**BRIEF**: Give back each entry exactly as written, apart from the pictures.

Records drawn from a dataset
----------------

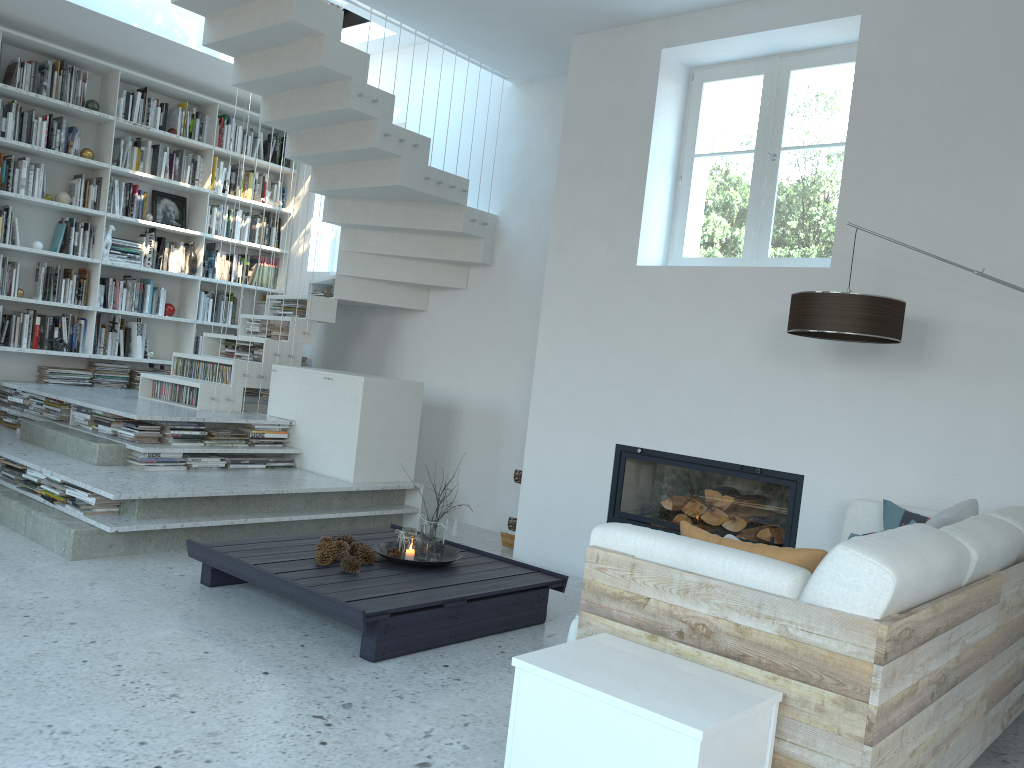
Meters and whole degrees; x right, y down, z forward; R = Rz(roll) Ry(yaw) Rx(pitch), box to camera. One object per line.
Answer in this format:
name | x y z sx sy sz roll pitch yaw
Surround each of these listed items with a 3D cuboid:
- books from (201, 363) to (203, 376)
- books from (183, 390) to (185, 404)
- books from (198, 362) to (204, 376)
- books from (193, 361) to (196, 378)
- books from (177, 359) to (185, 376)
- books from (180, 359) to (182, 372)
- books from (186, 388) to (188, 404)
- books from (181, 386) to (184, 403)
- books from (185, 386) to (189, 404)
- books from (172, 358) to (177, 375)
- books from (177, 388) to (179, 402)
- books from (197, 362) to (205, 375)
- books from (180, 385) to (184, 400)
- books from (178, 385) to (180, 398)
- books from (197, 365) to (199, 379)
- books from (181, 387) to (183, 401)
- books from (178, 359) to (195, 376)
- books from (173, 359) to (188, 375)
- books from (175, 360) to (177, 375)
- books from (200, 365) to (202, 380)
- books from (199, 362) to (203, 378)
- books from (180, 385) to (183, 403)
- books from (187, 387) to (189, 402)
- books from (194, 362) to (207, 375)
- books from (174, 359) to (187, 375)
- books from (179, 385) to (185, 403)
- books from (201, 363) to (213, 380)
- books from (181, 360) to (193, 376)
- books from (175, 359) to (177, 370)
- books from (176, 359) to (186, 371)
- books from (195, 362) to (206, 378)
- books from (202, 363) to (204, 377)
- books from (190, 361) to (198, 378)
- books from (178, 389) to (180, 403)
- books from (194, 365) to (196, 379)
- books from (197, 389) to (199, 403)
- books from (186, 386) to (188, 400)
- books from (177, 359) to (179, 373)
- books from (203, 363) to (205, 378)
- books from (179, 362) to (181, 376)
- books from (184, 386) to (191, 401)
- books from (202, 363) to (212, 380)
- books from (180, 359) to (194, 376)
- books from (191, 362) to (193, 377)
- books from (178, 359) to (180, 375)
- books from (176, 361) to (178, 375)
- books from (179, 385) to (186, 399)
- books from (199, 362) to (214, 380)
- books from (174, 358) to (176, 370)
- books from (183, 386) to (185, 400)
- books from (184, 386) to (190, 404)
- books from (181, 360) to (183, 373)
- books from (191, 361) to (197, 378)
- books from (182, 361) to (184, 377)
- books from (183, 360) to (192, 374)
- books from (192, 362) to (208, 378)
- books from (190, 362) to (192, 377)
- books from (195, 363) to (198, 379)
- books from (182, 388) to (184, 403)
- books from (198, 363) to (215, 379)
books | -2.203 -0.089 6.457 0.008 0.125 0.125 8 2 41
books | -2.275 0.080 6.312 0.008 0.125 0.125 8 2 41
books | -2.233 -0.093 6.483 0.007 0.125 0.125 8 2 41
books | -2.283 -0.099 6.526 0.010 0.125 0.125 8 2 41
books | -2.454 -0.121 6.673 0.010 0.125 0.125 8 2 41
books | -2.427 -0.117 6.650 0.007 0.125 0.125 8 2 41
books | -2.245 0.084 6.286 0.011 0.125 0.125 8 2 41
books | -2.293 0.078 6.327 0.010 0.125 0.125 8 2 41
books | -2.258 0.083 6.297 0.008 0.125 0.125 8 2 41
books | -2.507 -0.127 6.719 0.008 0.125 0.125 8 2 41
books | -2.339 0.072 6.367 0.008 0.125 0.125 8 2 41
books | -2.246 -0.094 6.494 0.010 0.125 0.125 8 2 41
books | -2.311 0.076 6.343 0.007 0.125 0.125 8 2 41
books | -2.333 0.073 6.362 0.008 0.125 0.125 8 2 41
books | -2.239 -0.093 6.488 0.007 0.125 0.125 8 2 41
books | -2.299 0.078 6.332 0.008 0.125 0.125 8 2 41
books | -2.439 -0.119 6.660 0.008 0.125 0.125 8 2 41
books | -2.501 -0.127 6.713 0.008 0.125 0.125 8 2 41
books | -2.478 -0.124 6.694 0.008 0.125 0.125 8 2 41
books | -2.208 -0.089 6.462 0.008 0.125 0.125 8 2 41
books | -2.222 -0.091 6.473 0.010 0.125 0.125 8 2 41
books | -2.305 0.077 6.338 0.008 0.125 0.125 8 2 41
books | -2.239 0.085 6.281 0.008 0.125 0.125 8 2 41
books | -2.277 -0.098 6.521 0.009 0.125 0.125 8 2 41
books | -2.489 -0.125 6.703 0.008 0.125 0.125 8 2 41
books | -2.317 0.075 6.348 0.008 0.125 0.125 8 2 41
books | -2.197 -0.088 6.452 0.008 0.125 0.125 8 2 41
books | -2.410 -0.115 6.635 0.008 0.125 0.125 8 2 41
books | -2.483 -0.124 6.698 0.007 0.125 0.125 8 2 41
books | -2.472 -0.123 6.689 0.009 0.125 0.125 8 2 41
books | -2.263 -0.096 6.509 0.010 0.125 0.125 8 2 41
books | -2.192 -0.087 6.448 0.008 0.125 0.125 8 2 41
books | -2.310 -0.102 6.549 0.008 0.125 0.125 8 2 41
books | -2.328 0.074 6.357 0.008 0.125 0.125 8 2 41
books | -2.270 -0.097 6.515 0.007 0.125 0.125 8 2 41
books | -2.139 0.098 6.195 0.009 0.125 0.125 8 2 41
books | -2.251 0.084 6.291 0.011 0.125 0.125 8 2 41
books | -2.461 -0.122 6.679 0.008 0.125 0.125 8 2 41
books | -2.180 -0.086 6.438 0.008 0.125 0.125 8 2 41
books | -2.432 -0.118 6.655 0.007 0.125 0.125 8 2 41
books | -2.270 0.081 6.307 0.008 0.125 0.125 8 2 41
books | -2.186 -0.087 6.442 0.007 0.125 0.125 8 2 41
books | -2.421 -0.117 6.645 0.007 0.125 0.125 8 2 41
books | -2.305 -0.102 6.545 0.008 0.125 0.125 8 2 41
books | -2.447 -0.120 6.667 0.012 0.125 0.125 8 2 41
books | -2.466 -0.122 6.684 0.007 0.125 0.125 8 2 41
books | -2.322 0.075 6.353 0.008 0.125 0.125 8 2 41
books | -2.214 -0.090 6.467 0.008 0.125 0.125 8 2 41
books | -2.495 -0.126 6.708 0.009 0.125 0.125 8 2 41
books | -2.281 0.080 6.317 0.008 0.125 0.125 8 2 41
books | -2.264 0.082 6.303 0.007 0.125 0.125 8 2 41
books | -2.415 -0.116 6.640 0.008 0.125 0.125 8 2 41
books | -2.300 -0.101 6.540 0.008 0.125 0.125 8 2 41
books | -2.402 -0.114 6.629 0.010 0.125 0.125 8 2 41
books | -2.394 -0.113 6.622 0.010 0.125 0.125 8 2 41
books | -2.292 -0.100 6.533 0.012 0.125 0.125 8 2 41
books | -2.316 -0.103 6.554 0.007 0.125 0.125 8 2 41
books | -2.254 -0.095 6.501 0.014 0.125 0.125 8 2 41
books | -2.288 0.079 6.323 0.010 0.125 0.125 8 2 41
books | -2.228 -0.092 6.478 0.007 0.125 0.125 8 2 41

----------------

**RESPONSE BELOW**:
Meters and whole degrees; x right, y down, z forward; R = Rz(roll) Ry(yaw) Rx(pitch), box to camera. One object per line.
Answer in this format:
name | x y z sx sy sz roll pitch yaw
Surround each of these listed items with a 3D cuboid:
- books from (201, 363) to (203, 376)
- books from (183, 390) to (185, 404)
- books from (198, 362) to (204, 376)
- books from (193, 361) to (196, 378)
- books from (177, 359) to (185, 376)
- books from (180, 359) to (182, 372)
- books from (186, 388) to (188, 404)
- books from (181, 386) to (184, 403)
- books from (185, 386) to (189, 404)
- books from (172, 358) to (177, 375)
- books from (177, 388) to (179, 402)
- books from (197, 362) to (205, 375)
- books from (180, 385) to (184, 400)
- books from (178, 385) to (180, 398)
- books from (197, 365) to (199, 379)
- books from (181, 387) to (183, 401)
- books from (178, 359) to (195, 376)
- books from (173, 359) to (188, 375)
- books from (175, 360) to (177, 375)
- books from (200, 365) to (202, 380)
- books from (199, 362) to (203, 378)
- books from (180, 385) to (183, 403)
- books from (187, 387) to (189, 402)
- books from (194, 362) to (207, 375)
- books from (174, 359) to (187, 375)
- books from (179, 385) to (185, 403)
- books from (201, 363) to (213, 380)
- books from (181, 360) to (193, 376)
- books from (175, 359) to (177, 370)
- books from (176, 359) to (186, 371)
- books from (195, 362) to (206, 378)
- books from (202, 363) to (204, 377)
- books from (190, 361) to (198, 378)
- books from (178, 389) to (180, 403)
- books from (194, 365) to (196, 379)
- books from (197, 389) to (199, 403)
- books from (186, 386) to (188, 400)
- books from (177, 359) to (179, 373)
- books from (203, 363) to (205, 378)
- books from (179, 362) to (181, 376)
- books from (184, 386) to (191, 401)
- books from (202, 363) to (212, 380)
- books from (180, 359) to (194, 376)
- books from (191, 362) to (193, 377)
- books from (178, 359) to (180, 375)
- books from (176, 361) to (178, 375)
- books from (179, 385) to (186, 399)
- books from (199, 362) to (214, 380)
- books from (174, 358) to (176, 370)
- books from (183, 386) to (185, 400)
- books from (184, 386) to (190, 404)
- books from (181, 360) to (183, 373)
- books from (191, 361) to (197, 378)
- books from (182, 361) to (184, 377)
- books from (183, 360) to (192, 374)
- books from (192, 362) to (208, 378)
- books from (190, 362) to (192, 377)
- books from (195, 363) to (198, 379)
- books from (182, 388) to (184, 403)
- books from (198, 363) to (215, 379)
books | -2.203 -0.089 6.457 0.008 0.125 0.125 8 2 41
books | -2.275 0.080 6.312 0.008 0.125 0.125 8 2 41
books | -2.233 -0.093 6.483 0.007 0.125 0.125 8 2 41
books | -2.283 -0.099 6.526 0.010 0.125 0.125 8 2 41
books | -2.454 -0.121 6.673 0.010 0.125 0.125 8 2 41
books | -2.427 -0.117 6.650 0.007 0.125 0.125 8 2 41
books | -2.245 0.084 6.286 0.011 0.125 0.125 8 2 41
books | -2.293 0.078 6.327 0.010 0.125 0.125 8 2 41
books | -2.258 0.083 6.297 0.008 0.125 0.125 8 2 41
books | -2.507 -0.127 6.719 0.008 0.125 0.125 8 2 41
books | -2.339 0.072 6.367 0.008 0.125 0.125 8 2 41
books | -2.246 -0.094 6.494 0.010 0.125 0.125 8 2 41
books | -2.311 0.076 6.343 0.007 0.125 0.125 8 2 41
books | -2.333 0.073 6.362 0.008 0.125 0.125 8 2 41
books | -2.239 -0.093 6.488 0.007 0.125 0.125 8 2 41
books | -2.299 0.078 6.332 0.008 0.125 0.125 8 2 41
books | -2.439 -0.119 6.660 0.008 0.125 0.125 8 2 41
books | -2.501 -0.127 6.713 0.008 0.125 0.125 8 2 41
books | -2.478 -0.124 6.694 0.008 0.125 0.125 8 2 41
books | -2.208 -0.089 6.462 0.008 0.125 0.125 8 2 41
books | -2.222 -0.091 6.473 0.010 0.125 0.125 8 2 41
books | -2.305 0.077 6.338 0.008 0.125 0.125 8 2 41
books | -2.239 0.085 6.281 0.008 0.125 0.125 8 2 41
books | -2.277 -0.098 6.521 0.009 0.125 0.125 8 2 41
books | -2.489 -0.125 6.703 0.008 0.125 0.125 8 2 41
books | -2.317 0.075 6.348 0.008 0.125 0.125 8 2 41
books | -2.197 -0.088 6.452 0.008 0.125 0.125 8 2 41
books | -2.410 -0.115 6.635 0.008 0.125 0.125 8 2 41
books | -2.483 -0.124 6.698 0.007 0.125 0.125 8 2 41
books | -2.472 -0.123 6.689 0.009 0.125 0.125 8 2 41
books | -2.263 -0.096 6.509 0.010 0.125 0.125 8 2 41
books | -2.192 -0.087 6.448 0.008 0.125 0.125 8 2 41
books | -2.310 -0.102 6.549 0.008 0.125 0.125 8 2 41
books | -2.328 0.074 6.357 0.008 0.125 0.125 8 2 41
books | -2.270 -0.097 6.515 0.007 0.125 0.125 8 2 41
books | -2.139 0.098 6.195 0.009 0.125 0.125 8 2 41
books | -2.251 0.084 6.291 0.011 0.125 0.125 8 2 41
books | -2.461 -0.122 6.679 0.008 0.125 0.125 8 2 41
books | -2.180 -0.086 6.438 0.008 0.125 0.125 8 2 41
books | -2.432 -0.118 6.655 0.007 0.125 0.125 8 2 41
books | -2.270 0.081 6.307 0.008 0.125 0.125 8 2 41
books | -2.186 -0.087 6.442 0.007 0.125 0.125 8 2 41
books | -2.421 -0.117 6.645 0.007 0.125 0.125 8 2 41
books | -2.305 -0.102 6.545 0.008 0.125 0.125 8 2 41
books | -2.447 -0.120 6.667 0.012 0.125 0.125 8 2 41
books | -2.466 -0.122 6.684 0.007 0.125 0.125 8 2 41
books | -2.322 0.075 6.353 0.008 0.125 0.125 8 2 41
books | -2.214 -0.090 6.467 0.008 0.125 0.125 8 2 41
books | -2.495 -0.126 6.708 0.009 0.125 0.125 8 2 41
books | -2.281 0.080 6.317 0.008 0.125 0.125 8 2 41
books | -2.264 0.082 6.303 0.007 0.125 0.125 8 2 41
books | -2.415 -0.116 6.640 0.008 0.125 0.125 8 2 41
books | -2.300 -0.101 6.540 0.008 0.125 0.125 8 2 41
books | -2.402 -0.114 6.629 0.010 0.125 0.125 8 2 41
books | -2.394 -0.113 6.622 0.010 0.125 0.125 8 2 41
books | -2.292 -0.100 6.533 0.012 0.125 0.125 8 2 41
books | -2.316 -0.103 6.554 0.007 0.125 0.125 8 2 41
books | -2.254 -0.095 6.501 0.014 0.125 0.125 8 2 41
books | -2.288 0.079 6.323 0.010 0.125 0.125 8 2 41
books | -2.228 -0.092 6.478 0.007 0.125 0.125 8 2 41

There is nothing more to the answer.